**What the task requires:** Show all lines from the records below in which the string "november" is present.

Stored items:
┄┄┄┄┄┄┄┄┄┄

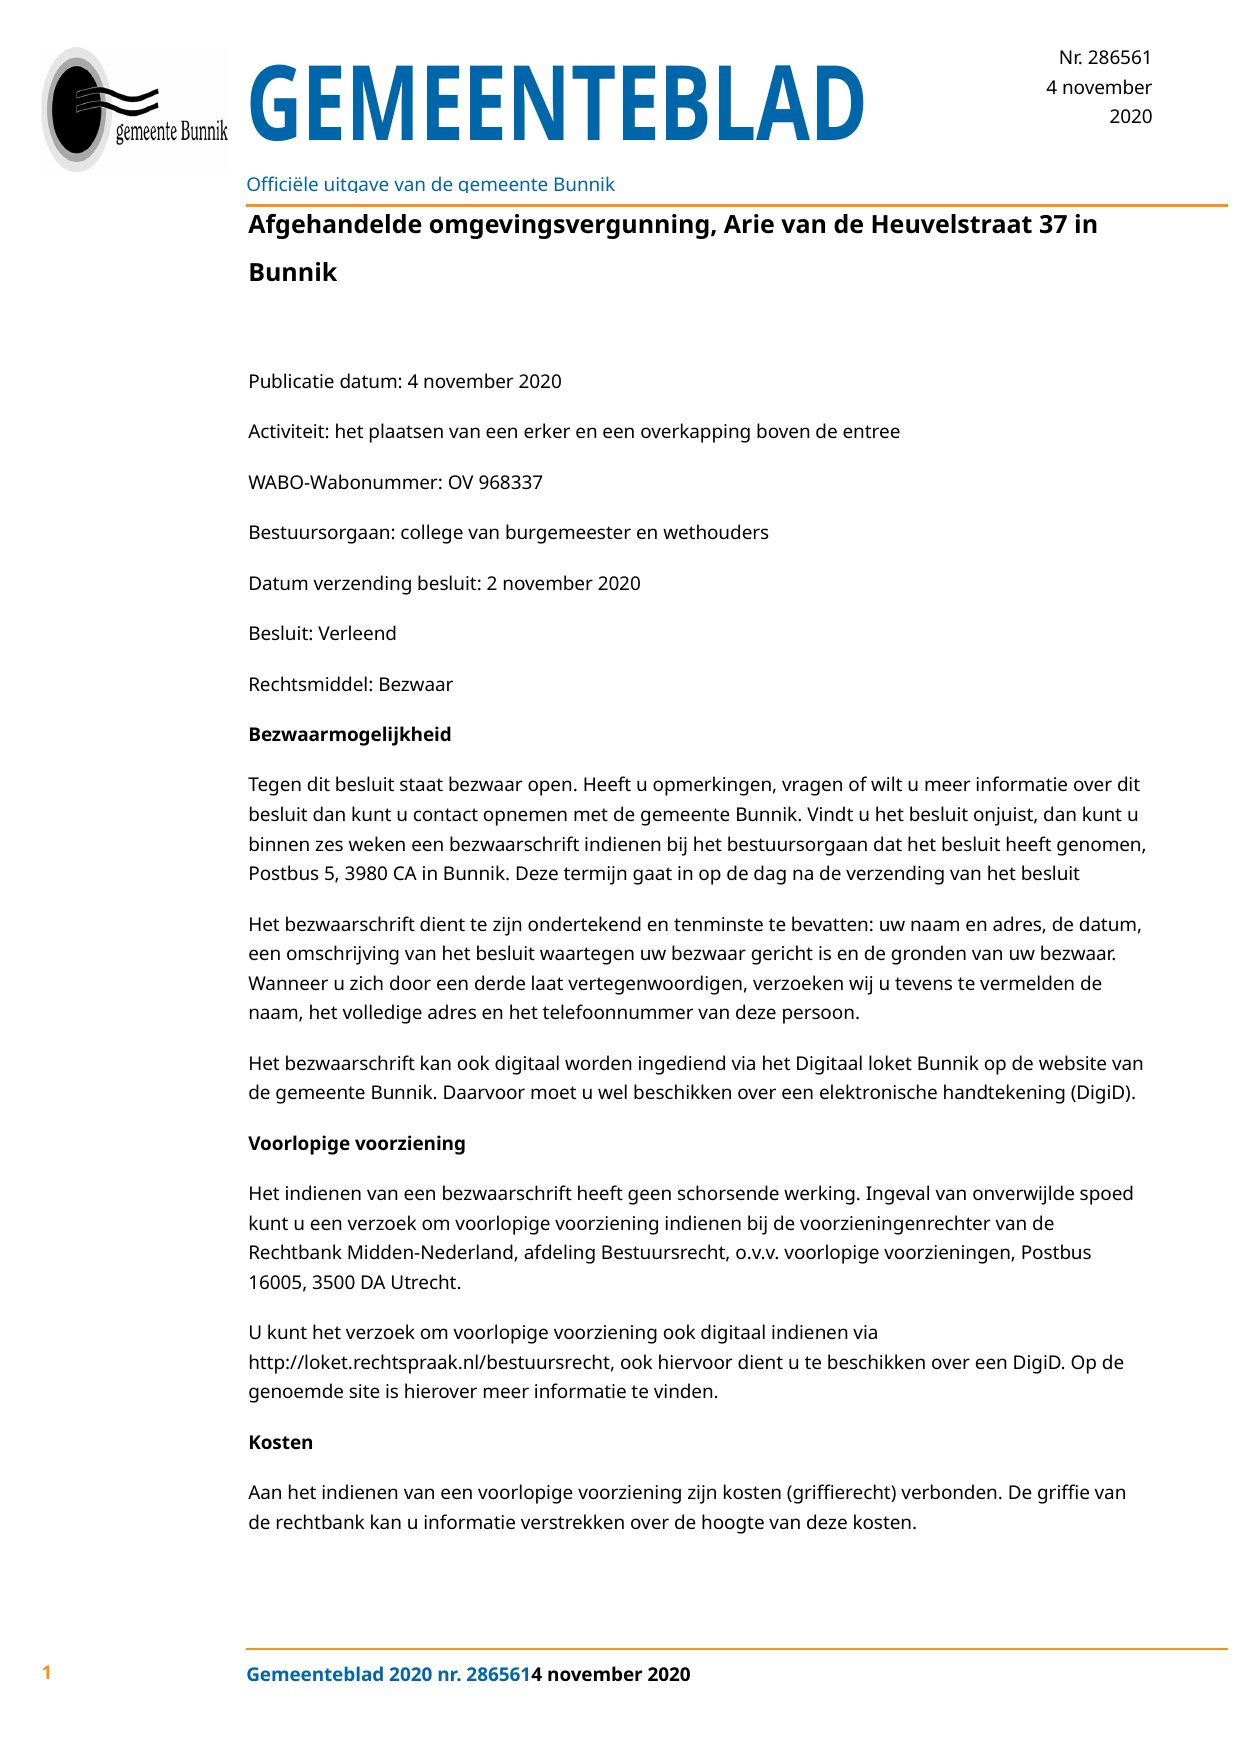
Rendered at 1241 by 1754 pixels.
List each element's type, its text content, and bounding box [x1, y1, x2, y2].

text Het indienen van een bezwaarschrift heeft geen schorsende werking. Ingeval van onverwijlde spoed kunt u een verzoek om voorlopige voorziening indienen bij de voorzieningenrechter van de Rechtbank Midden-Nederland, afdeling Bestuursrecht, o.v.v. voorlopige voorzieningen, Postbus 16005, 3500 DA Utrecht. [248, 1180, 1152, 1295]
text Publicatie datum: 4 november 2020 [248, 368, 1152, 394]
text U kunt het verzoek om voorlopige voorziening ook digitaal indienen via http://loket.rechtspraak.nl/bestuursrecht, ook hiervoor dient u te beschikken over een DigiD. Op de genoemde site is hierover meer informatie te vinden. [248, 1319, 1152, 1404]
picture [41, 47, 231, 172]
text Datum verzending besluit: 2 november 2020 [248, 570, 1152, 596]
text Afgehandelde omgevingsvergunning, Arie van de Heuvelstraat 37 in Bunnik [248, 207, 1152, 288]
text Aan het indienen van een voorlopige voorziening zijn kosten (griffierecht) verbonden. De griffie van de rechtbank kan u informatie verstrekken over de hoogte van deze kosten. [248, 1479, 1152, 1535]
text Het bezwaarschrift kan ook digitaal worden ingediend via het Digitaal loket Bunnik op de website van de gemeente Bunnik. Daarvoor moet u wel beschikken over een elektronische handtekening (DigiD). [248, 1050, 1152, 1105]
text Tegen dit besluit staat bezwaar open. Heeft u opmerkingen, vragen of wilt u meer informatie over dit besluit dan kunt u contact opnemen met de gemeente Bunnik. Vindt u het besluit onjuist, dan kunt u binnen zes weken een bezwaarschrift indienen bij het bestuursorgaan dat het besluit heeft genomen, Postbus 5, 3980 CA in Bunnik. Deze termijn gaat in op de dag na de verzending van het besluit [248, 772, 1152, 886]
text Bestuursorgaan: college van burgemeester en wethouders [248, 519, 1152, 545]
text Besluit: Verleend [248, 620, 1152, 646]
text Rechtsmiddel: Bezwaar [248, 671, 1152, 697]
text Activiteit: het plaatsen van een erker en een overkapping boven de entree [248, 419, 1152, 444]
text Het bezwaarschrift dient te zijn ondertekend en tenminste te bevatten: uw naam en adres, de datum, een omschrijving van het besluit waartegen uw bezwaar gericht is en de gronden van uw bezwaar. Wanneer u zich door een derde laat vertegenwoordigen, verzoeken wij u tevens te vermelden de naam, het volledige adres en het telefoonnummer van deze persoon. [248, 911, 1152, 1025]
text WABO-Wabonummer: OV 968337 [248, 469, 1152, 495]
text Kosten [248, 1429, 1152, 1455]
text Bezwaarmogelijkheid [248, 721, 1152, 747]
text Voorlopige voorziening [248, 1130, 1152, 1156]

┄┄┄┄┄┄┄┄┄┄

**Result:**
text Publicatie datum: 4 november 2020 [248, 368, 1152, 394]
text Datum verzending besluit: 2 november 2020 [248, 570, 1152, 596]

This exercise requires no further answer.